L'incarnation du sacré : le striptease dans l'Antiquité
Débutons notre épopée à l'aube de la civilisation, à l'époque de l'Antiquité. Le striptease n'était pas perçu alors comme un simple divertissement érotique, mais plutôt comme une représentation sacrée, un rituel marquant lié à la spiritualité et au sacré. Au Moyen-Orient, par exemple, les danses du ventre à véritablement caractère de striptease étaient pratiquées pour apaiser les dieux et favorisaient la fertilité.
De la Grèce ancienne à Rome : une métamorphose érotico-artistique
En avançant dans le temps, le striptease a commencé à prendre un virage plus artistique dans la Grèce ancienne. Les danseuses pyrrhiques ont mis à nu la sensualité dans leurs mouvements lors de spectacles publics. Ce nouvel élan sera hérité par la Rome antique, où les danses lascives de Lydia enflammaient le public romain, avivant le désir et la passion. On peut ainsi avancer que le striptease a alors commencé à se frayer un chemin vers l'érotisme.

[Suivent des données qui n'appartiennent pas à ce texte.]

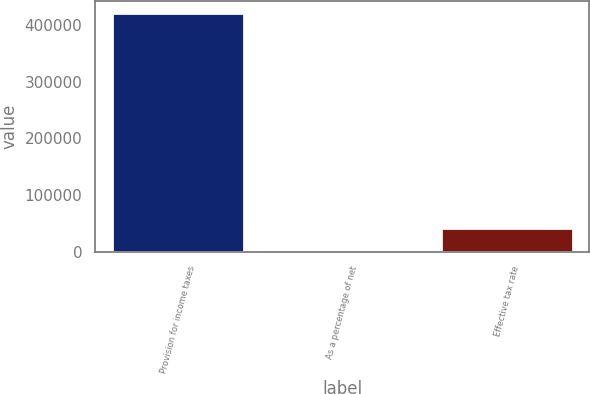<chart> <loc_0><loc_0><loc_500><loc_500><bar_chart><fcel>Provision for income taxes<fcel>As a percentage of net<fcel>Effective tax rate<nl><fcel>421418<fcel>7.1<fcel>42148.2<nl></chart>

Le Moyen Âge : une mise en sourdine
Le Moyen Âge apparaît comme une période de relative obscurité pour le striptease. La morale religieuse strictement conservatrice a en effet mis en sourdine les expressions publiques de la sexualité, et donc le striptease. Toutefois, il est essentiel de comprendre que cette époque a été cruciale pour modeler le striptease contemporain, en le poussant dans l'ombre, préconisant une exploration plus privée de la sensualité.
La Renaissance : s'ouvrir à une nouvelle perspective
Avec la Renaissance et l'humanisme, la vision du corps humain s'est modifiée. Le corps a été réapprécié, sortant de l'ombre de la culpabilité et du péché. Cela a permis d'aborder le striptease d'une nouvelle manière. Les danses, les fêtes et les arts de la performance ont redoublé d'inventivité, intégrant parfois, timidement, cette dimension érotique que l'on assimile aujourd'hui au striptease.